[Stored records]
____
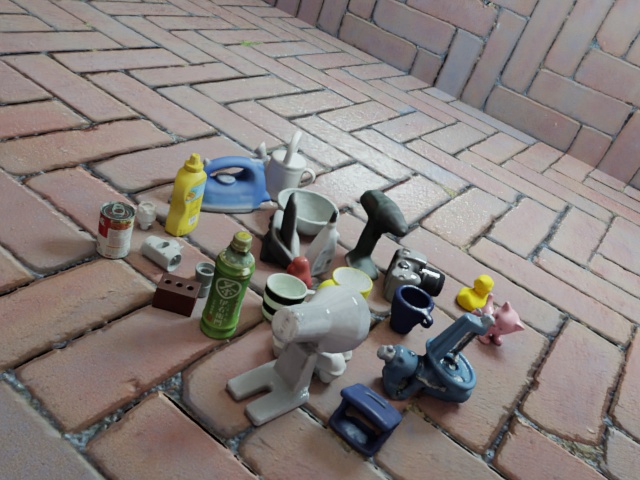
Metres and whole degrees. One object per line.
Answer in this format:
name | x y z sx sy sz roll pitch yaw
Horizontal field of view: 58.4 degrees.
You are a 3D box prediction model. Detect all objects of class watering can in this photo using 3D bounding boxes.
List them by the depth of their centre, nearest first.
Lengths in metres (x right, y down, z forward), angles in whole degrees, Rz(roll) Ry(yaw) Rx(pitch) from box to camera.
watering can | -0.096 -0.210 1.564 0.173 0.194 0.100 10 33 -17

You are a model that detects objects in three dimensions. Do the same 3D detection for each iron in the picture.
iron | -0.245 -0.154 1.441 0.259 0.141 0.118 -4 39 -35

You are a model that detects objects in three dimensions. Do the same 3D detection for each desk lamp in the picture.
desk lamp | -0.031 0.184 0.976 0.204 0.213 0.117 -15 46 -44

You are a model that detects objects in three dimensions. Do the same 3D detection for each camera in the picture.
camera | 0.233 0.090 1.386 0.137 0.101 0.143 21 31 0

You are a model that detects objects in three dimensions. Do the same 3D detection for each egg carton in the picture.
egg carton | -0.013 0.204 1.095 0.150 0.069 0.107 25 31 7

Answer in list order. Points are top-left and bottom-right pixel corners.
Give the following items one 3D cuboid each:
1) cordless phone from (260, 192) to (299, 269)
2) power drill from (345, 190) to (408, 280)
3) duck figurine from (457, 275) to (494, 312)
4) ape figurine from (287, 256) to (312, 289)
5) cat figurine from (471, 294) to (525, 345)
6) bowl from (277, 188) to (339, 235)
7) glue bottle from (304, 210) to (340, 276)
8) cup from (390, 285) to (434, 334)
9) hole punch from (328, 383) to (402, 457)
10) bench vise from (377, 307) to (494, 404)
cordless phone | -0.071 -0.042 1.328 0.094 0.185 0.147 13 32 -12
power drill | 0.134 -0.011 1.379 0.076 0.208 0.229 8 33 -20
duck figurine | 0.397 0.127 1.438 0.105 0.086 0.077 -11 44 -41
ape figurine | -0.049 0.074 1.253 0.076 0.092 0.078 26 32 9
cat figurine | 0.415 0.181 1.335 0.067 0.118 0.127 7 34 -21
bowl | -0.038 -0.062 1.485 0.167 0.075 0.167 15 32 -9
glue bottle | 0.012 0.005 1.317 0.078 0.173 0.037 -12 44 -41
cup | 0.198 0.168 1.250 0.092 0.095 0.117 -2 38 -32
hole punch | 0.083 0.295 0.990 0.108 0.091 0.101 34 34 22
bench vise | 0.221 0.219 1.065 0.208 0.220 0.121 2 36 -27
____
= ACTION ITEM =
Each line from the one that includes "1) cordless phone" down to the close of the records above is to be given again exactly, and no other line is to appear.

= SOLUTION FOR THIS TASK =
1) cordless phone from (260, 192) to (299, 269)
2) power drill from (345, 190) to (408, 280)
3) duck figurine from (457, 275) to (494, 312)
4) ape figurine from (287, 256) to (312, 289)
5) cat figurine from (471, 294) to (525, 345)
6) bowl from (277, 188) to (339, 235)
7) glue bottle from (304, 210) to (340, 276)
8) cup from (390, 285) to (434, 334)
9) hole punch from (328, 383) to (402, 457)
10) bench vise from (377, 307) to (494, 404)
cordless phone | -0.071 -0.042 1.328 0.094 0.185 0.147 13 32 -12
power drill | 0.134 -0.011 1.379 0.076 0.208 0.229 8 33 -20
duck figurine | 0.397 0.127 1.438 0.105 0.086 0.077 -11 44 -41
ape figurine | -0.049 0.074 1.253 0.076 0.092 0.078 26 32 9
cat figurine | 0.415 0.181 1.335 0.067 0.118 0.127 7 34 -21
bowl | -0.038 -0.062 1.485 0.167 0.075 0.167 15 32 -9
glue bottle | 0.012 0.005 1.317 0.078 0.173 0.037 -12 44 -41
cup | 0.198 0.168 1.250 0.092 0.095 0.117 -2 38 -32
hole punch | 0.083 0.295 0.990 0.108 0.091 0.101 34 34 22
bench vise | 0.221 0.219 1.065 0.208 0.220 0.121 2 36 -27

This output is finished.